**Given entries**.
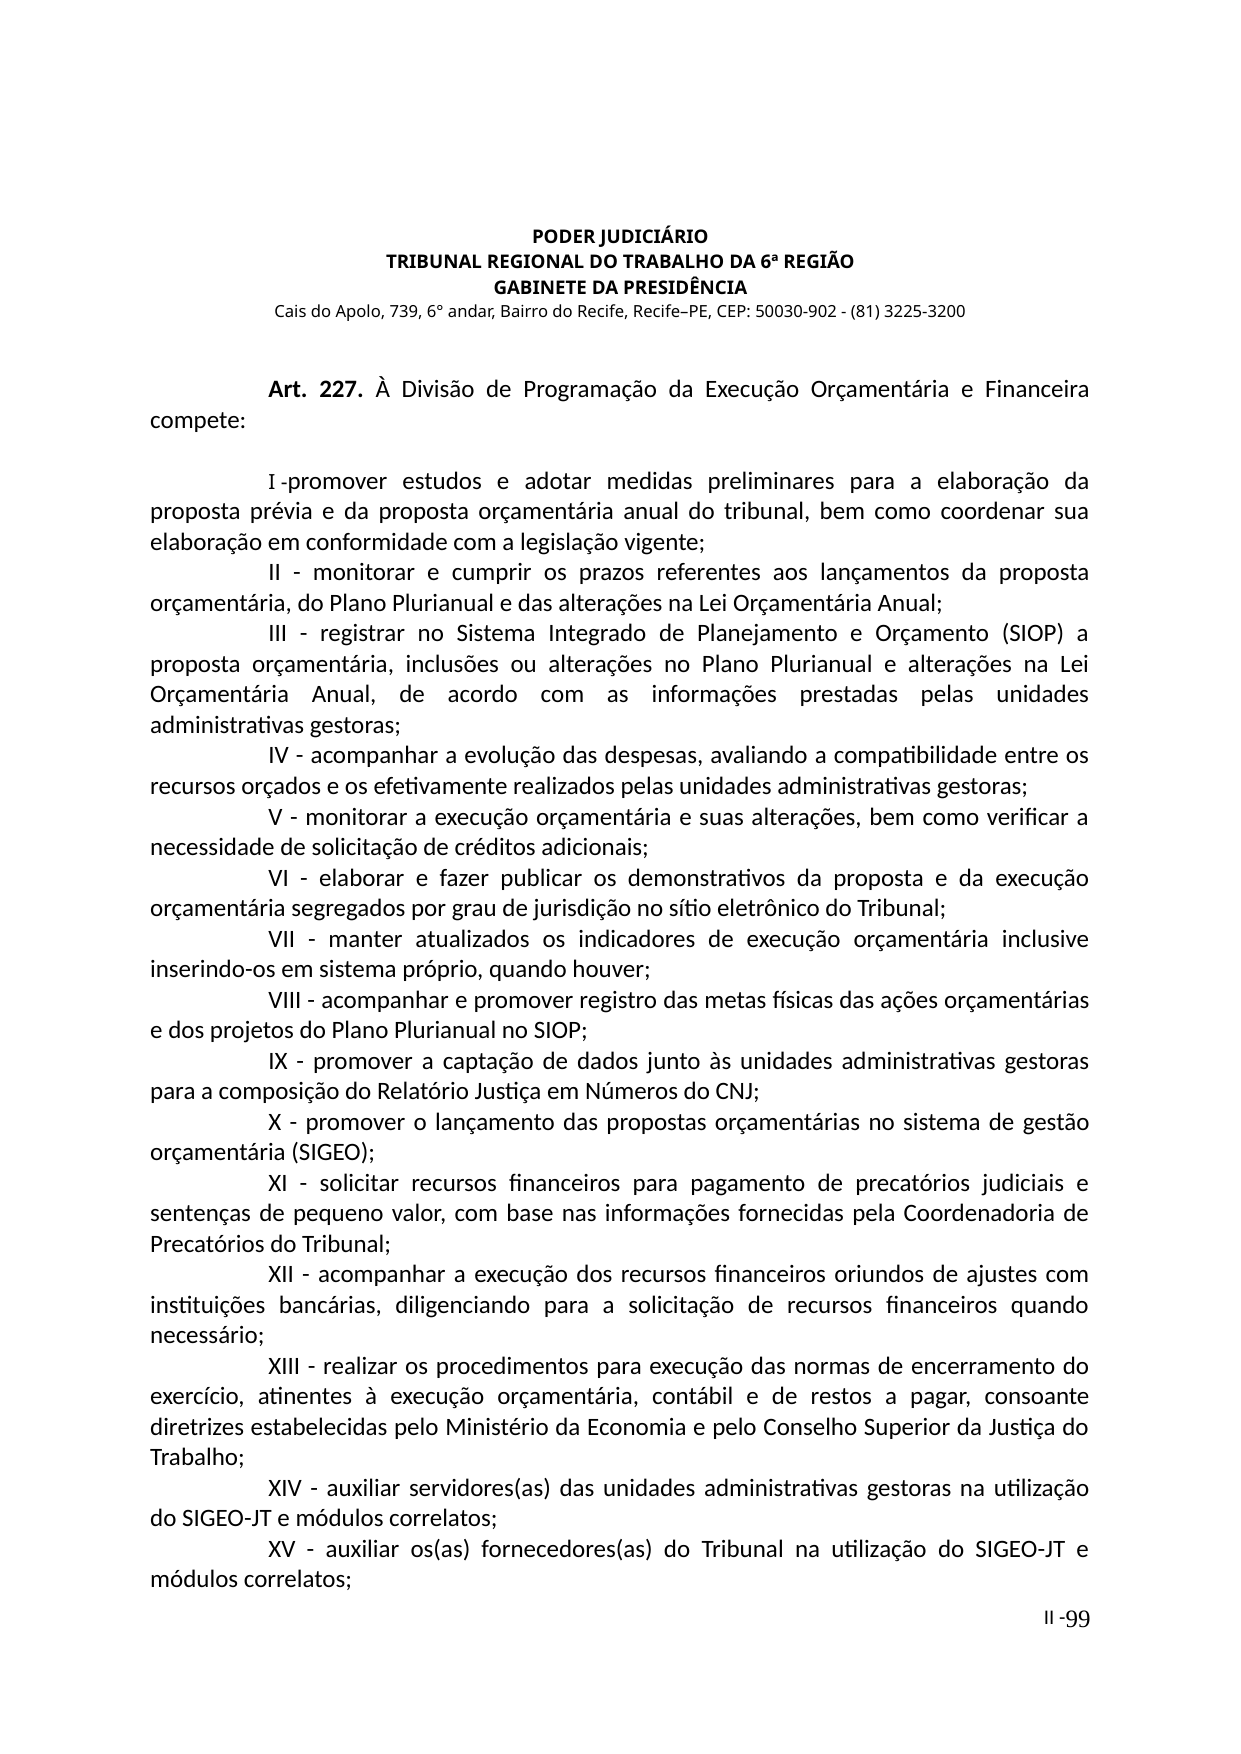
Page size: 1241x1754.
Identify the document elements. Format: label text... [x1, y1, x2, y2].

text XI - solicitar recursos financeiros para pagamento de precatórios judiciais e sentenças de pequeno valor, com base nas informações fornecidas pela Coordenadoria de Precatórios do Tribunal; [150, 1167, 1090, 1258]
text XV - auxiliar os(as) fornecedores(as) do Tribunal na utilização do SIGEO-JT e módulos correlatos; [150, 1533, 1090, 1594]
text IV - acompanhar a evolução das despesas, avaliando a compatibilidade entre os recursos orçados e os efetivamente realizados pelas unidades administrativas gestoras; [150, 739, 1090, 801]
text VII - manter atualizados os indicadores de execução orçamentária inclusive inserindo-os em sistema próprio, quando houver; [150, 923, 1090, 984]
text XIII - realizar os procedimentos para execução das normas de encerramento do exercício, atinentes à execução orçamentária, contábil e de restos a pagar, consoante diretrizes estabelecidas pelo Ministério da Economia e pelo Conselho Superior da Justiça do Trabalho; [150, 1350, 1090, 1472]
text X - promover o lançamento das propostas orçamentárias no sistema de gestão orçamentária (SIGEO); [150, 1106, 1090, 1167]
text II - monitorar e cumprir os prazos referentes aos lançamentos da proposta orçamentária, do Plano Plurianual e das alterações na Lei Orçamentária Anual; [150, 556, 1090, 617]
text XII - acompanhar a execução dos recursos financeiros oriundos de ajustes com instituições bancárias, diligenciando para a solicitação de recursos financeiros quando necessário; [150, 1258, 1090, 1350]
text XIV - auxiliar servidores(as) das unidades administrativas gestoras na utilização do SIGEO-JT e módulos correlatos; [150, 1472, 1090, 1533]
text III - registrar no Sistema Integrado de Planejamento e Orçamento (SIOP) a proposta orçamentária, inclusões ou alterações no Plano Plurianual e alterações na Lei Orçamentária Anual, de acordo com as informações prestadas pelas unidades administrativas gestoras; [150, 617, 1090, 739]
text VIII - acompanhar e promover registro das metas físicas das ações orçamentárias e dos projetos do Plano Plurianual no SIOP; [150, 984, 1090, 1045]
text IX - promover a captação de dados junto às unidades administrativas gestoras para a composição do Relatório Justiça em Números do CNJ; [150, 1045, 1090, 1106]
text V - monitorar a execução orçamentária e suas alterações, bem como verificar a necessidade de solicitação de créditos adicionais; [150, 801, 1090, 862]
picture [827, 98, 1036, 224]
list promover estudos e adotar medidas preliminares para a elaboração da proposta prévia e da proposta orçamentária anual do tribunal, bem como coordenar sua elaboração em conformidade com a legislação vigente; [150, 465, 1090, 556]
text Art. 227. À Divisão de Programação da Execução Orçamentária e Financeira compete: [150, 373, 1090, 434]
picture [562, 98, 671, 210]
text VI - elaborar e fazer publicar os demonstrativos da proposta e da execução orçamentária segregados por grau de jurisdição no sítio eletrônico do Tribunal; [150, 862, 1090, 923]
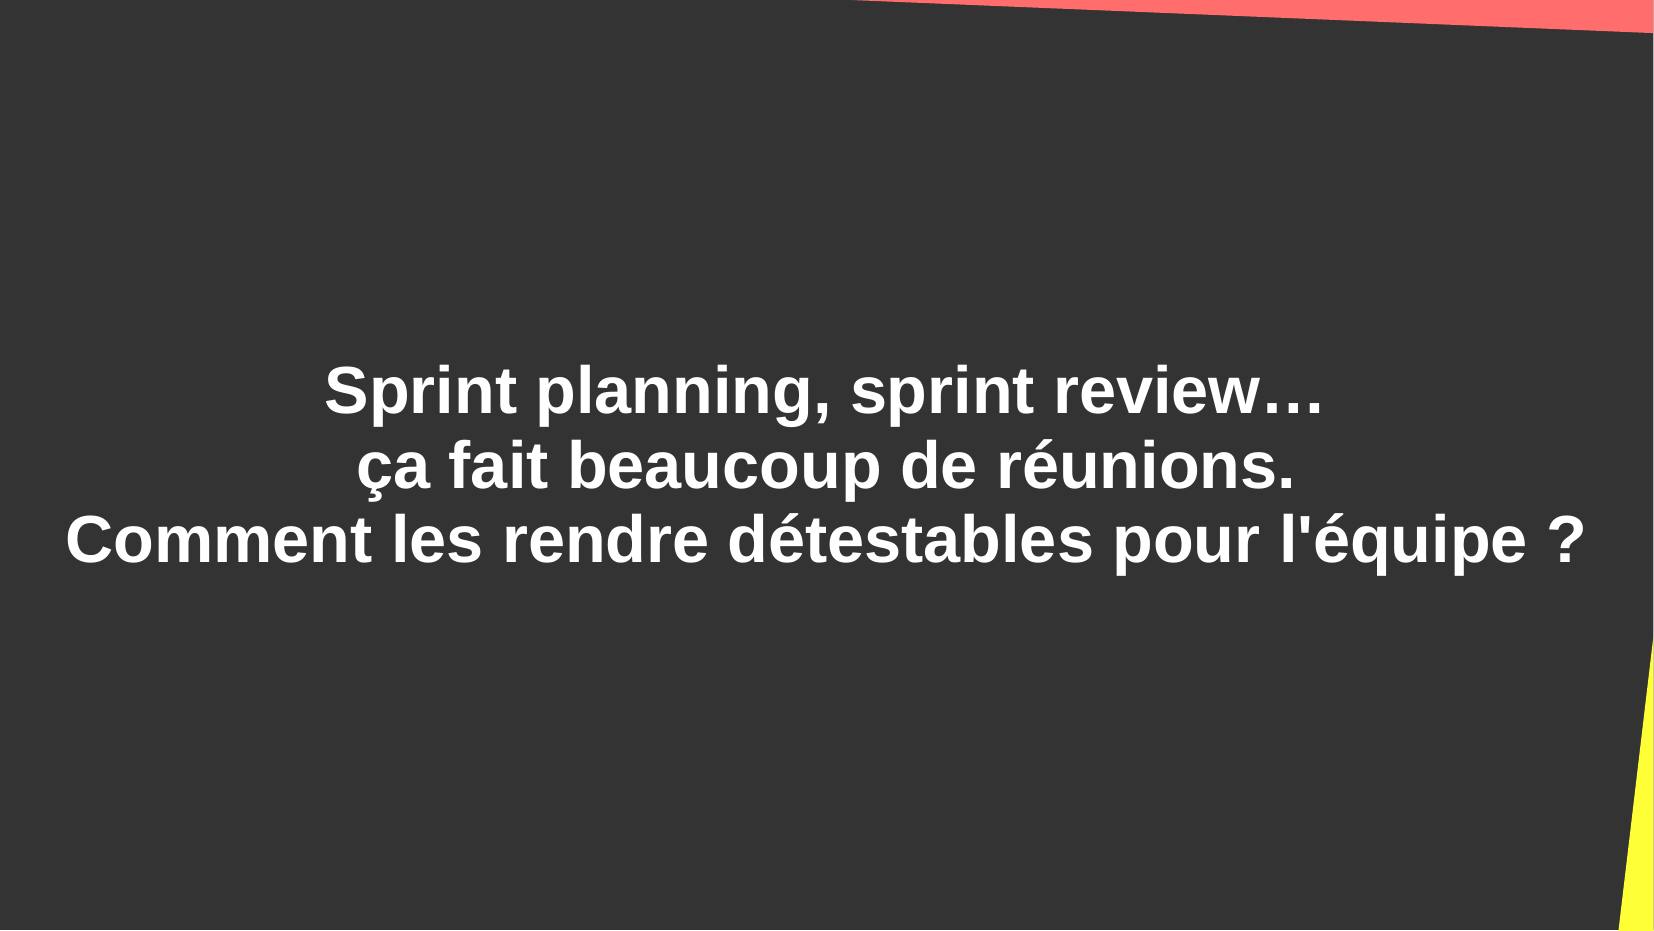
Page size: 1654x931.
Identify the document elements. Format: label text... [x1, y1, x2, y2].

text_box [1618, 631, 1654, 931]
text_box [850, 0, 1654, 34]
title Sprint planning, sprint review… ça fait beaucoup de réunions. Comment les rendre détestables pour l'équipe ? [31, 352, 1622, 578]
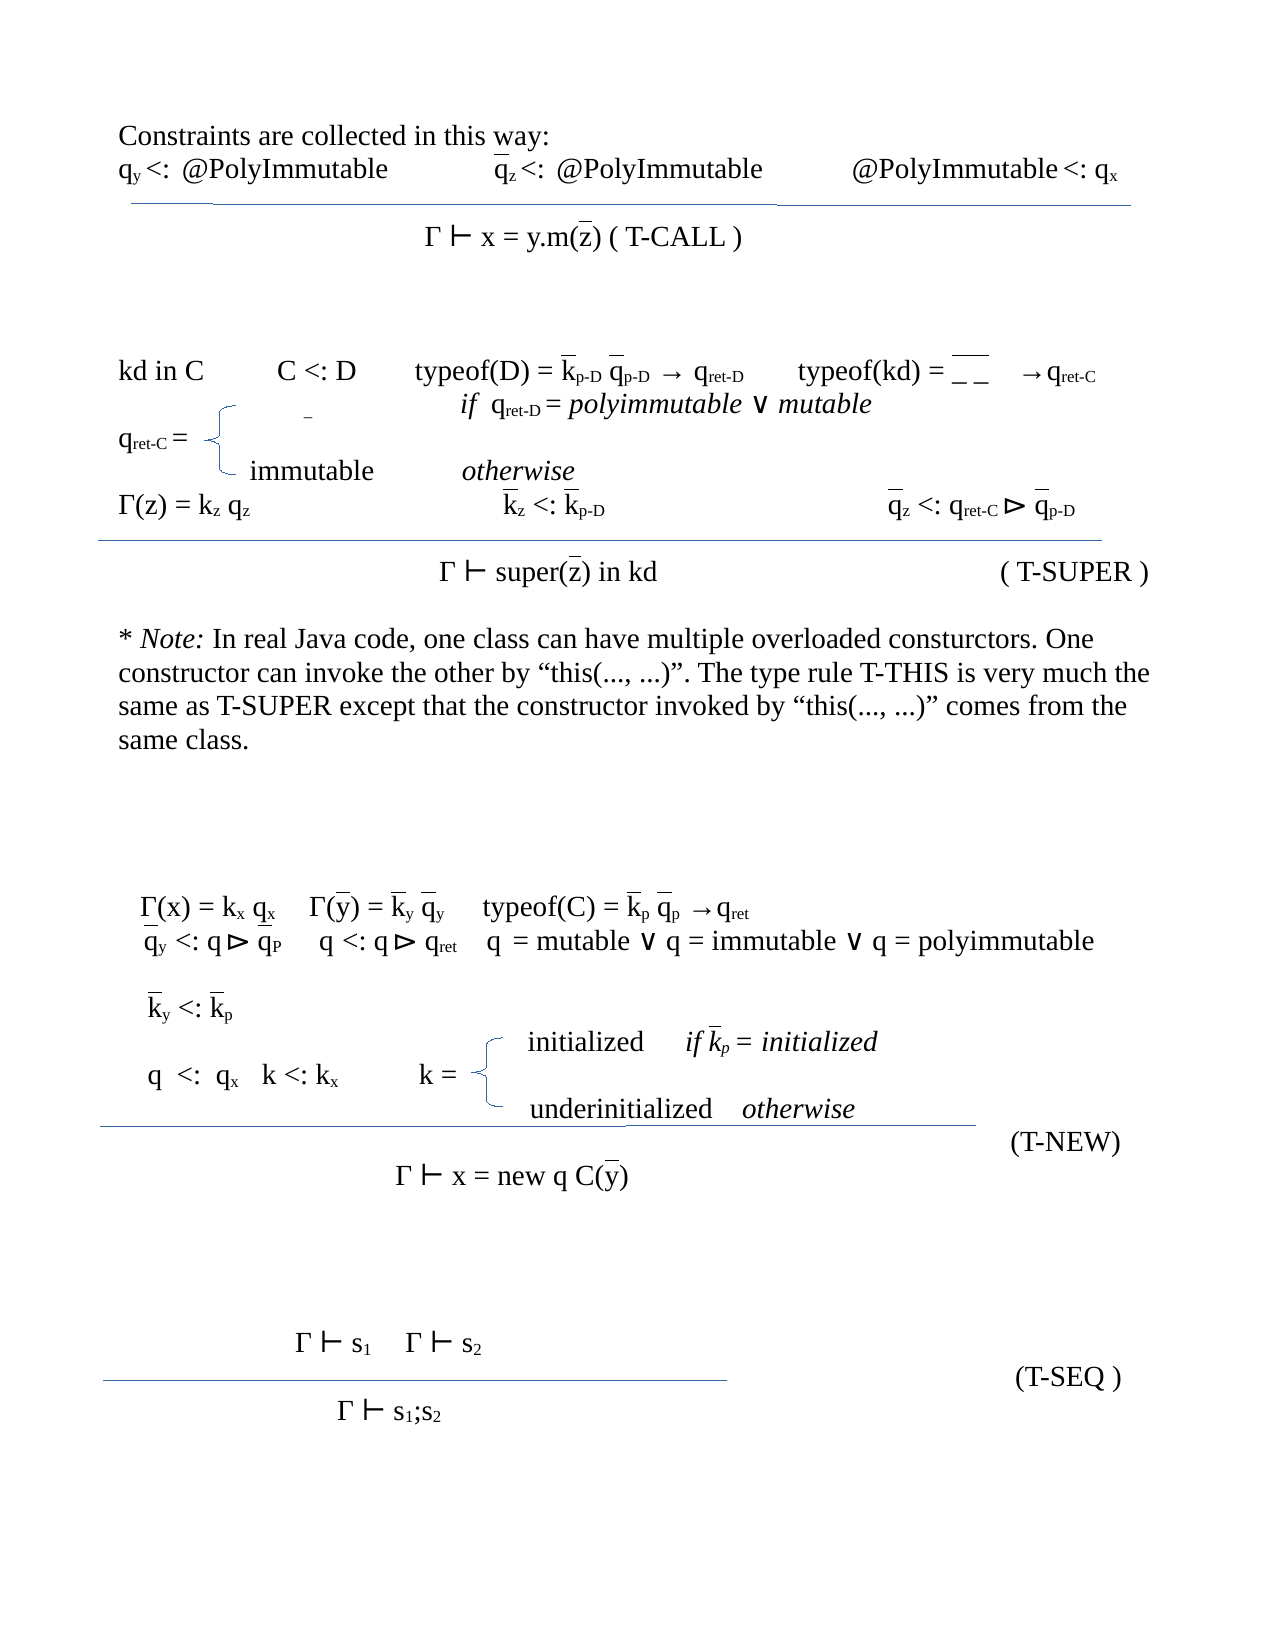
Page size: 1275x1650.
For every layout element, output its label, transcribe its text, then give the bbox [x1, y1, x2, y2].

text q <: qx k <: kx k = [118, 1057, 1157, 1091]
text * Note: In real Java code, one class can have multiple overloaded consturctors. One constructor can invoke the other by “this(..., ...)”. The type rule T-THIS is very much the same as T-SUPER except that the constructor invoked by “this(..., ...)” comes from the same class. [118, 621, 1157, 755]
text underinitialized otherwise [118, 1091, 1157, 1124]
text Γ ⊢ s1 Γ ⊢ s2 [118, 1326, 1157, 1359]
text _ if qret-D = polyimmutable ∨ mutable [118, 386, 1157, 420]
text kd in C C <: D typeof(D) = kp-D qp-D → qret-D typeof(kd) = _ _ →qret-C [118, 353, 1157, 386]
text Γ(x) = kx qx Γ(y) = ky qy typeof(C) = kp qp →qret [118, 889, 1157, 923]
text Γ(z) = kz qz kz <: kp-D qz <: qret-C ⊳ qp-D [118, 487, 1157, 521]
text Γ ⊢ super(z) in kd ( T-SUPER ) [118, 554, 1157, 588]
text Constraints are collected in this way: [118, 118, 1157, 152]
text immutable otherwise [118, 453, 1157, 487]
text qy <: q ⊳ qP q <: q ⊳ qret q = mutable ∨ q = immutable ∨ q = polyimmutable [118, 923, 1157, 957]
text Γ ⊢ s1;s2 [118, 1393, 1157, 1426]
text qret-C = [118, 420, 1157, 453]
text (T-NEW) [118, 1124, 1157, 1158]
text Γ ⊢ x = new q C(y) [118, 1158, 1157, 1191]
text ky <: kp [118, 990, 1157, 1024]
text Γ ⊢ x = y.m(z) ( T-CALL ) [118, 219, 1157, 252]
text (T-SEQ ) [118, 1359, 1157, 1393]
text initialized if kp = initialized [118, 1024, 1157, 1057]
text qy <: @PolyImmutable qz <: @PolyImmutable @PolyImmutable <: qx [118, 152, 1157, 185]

**Problem details**. Show all lines above containing "Page".

**Answer to this task**.
Page size: 1241x1754.
Page size: 1654x931.
Page size: 1275x1650.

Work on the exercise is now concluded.